A convenient place to perform the expansion is as part of the data pre-processing pipeline, repeated here in modified form.

train_ds <- mnist_dataset(
  dir,
  download = TRUE,
  transform = . %>%
    transform_to_tensor() %>%
    (function(x) x$expand(c(3, 28, 28))) %>%
    transform_random_affine(
      degrees = c(-45, 45), translate = c(0.1, 0.1)
    )
)

train_dl <- dataloader(
  train_ds,
  batch_size = 128,
  shuffle = TRUE
)

valid_ds <- mnist_dataset(
  dir,
  train = FALSE,
  transform = . %>%
    transform_to_tensor %>%
    (function(x) x$expand(c(3, 28, 28)))
)

valid_dl <- dataloader(valid_ds, batch_size = 128)

The code for training then looks as usual.

model <- convnet %>%
  setup(
    loss = nn_cross_entropy_loss(),
    optimizer = optim_adam,
    metrics = list(luz_metric_accuracy())
    ) %>%
  fit(train_dl,
      epochs = 5,
      valid_data = valid_dl)

Before we wrap up both section and chapter, one additional comment. The way we proceeded, above – replacing the very last layer with a single module outputting the final scores – is just the easiest, most straightforward thing to do.

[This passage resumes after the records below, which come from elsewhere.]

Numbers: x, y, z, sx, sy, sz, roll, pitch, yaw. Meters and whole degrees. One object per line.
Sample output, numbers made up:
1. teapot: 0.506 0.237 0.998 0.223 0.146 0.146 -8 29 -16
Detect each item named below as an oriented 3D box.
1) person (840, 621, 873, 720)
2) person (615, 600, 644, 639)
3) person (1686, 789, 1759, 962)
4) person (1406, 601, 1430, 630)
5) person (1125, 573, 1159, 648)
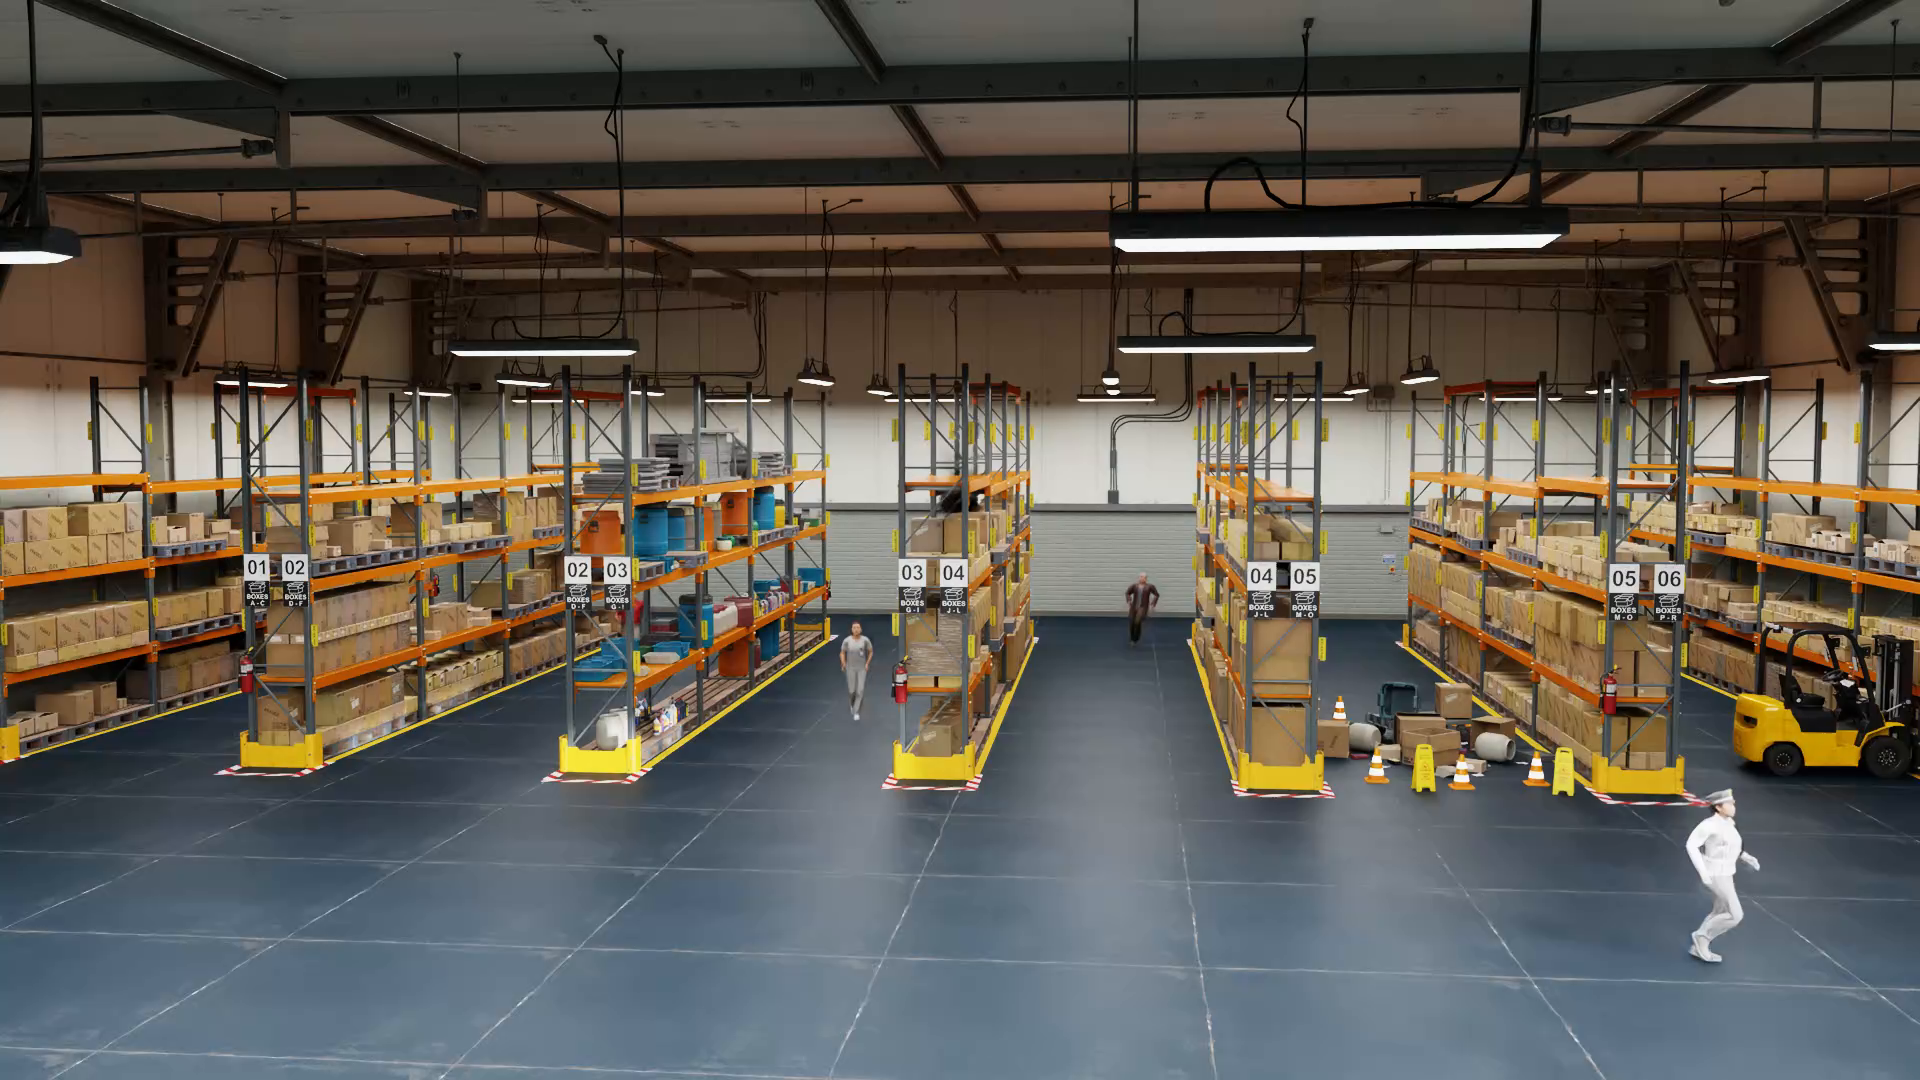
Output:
1. person: -1.707 2.139 27.500 0.550 1.632 0.544 0 4 -4
2. person: -6.937 1.899 35.089 0.670 1.723 0.917 0 4 -5
3. person: 7.197 3.161 15.669 0.567 1.662 0.623 3 5 43
4. person: 11.168 1.610 40.353 0.713 1.696 0.696 3 4 35
5. person: 4.229 1.651 38.964 0.773 1.764 0.700 2 4 26
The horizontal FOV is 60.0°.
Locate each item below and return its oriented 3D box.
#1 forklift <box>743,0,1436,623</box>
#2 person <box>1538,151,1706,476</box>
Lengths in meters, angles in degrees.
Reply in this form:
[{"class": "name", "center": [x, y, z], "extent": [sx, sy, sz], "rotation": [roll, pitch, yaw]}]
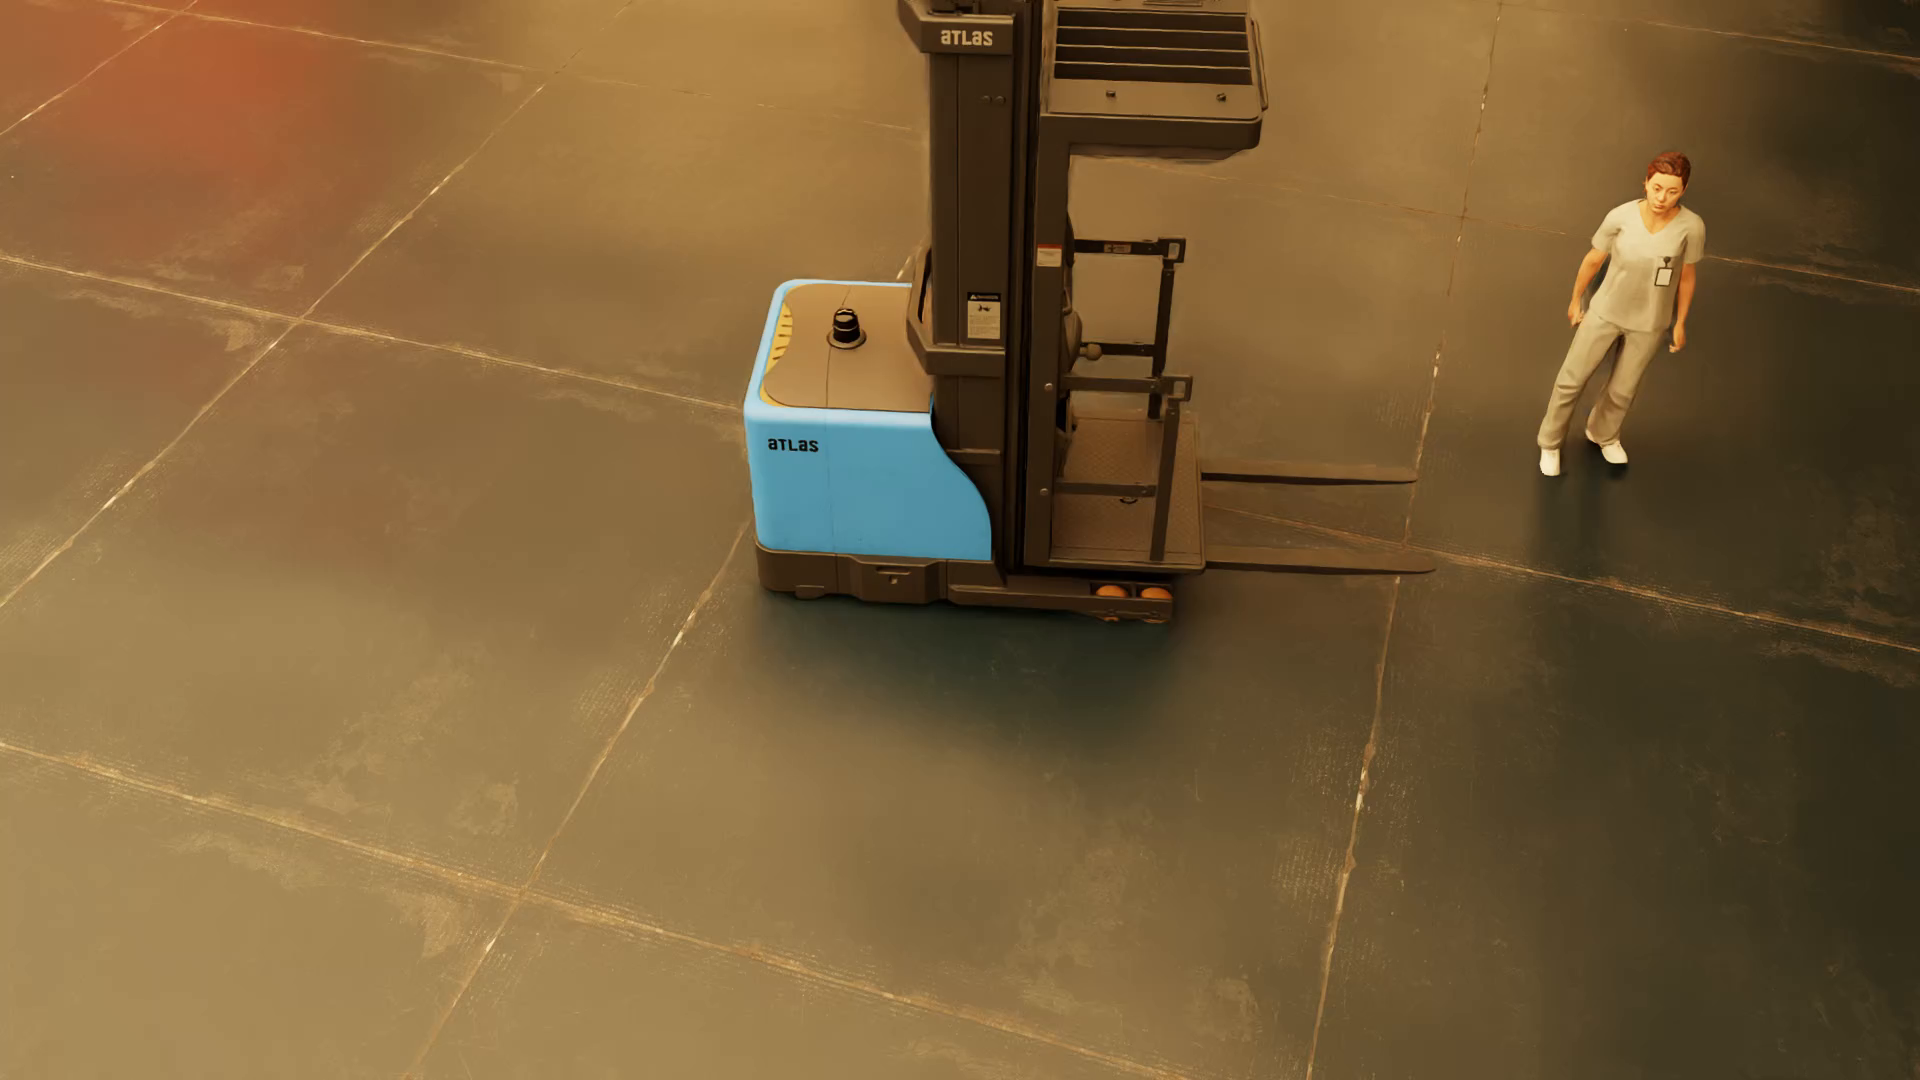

For MNIST, this is good enough. Maybe, on inspection, we’d find that single digits already form part of ResNet’s feature hierarchy; but even if not, a linear layer with ~ 5000 parameters should suffice to learn them. However, the more there is “still to be learned” – equivalently, the more either dataset or task differ from what was used (done, resp.) in model pre-training – the more powerful a sub-module we will want to chain on. We’ll see an example of this in the next chapter.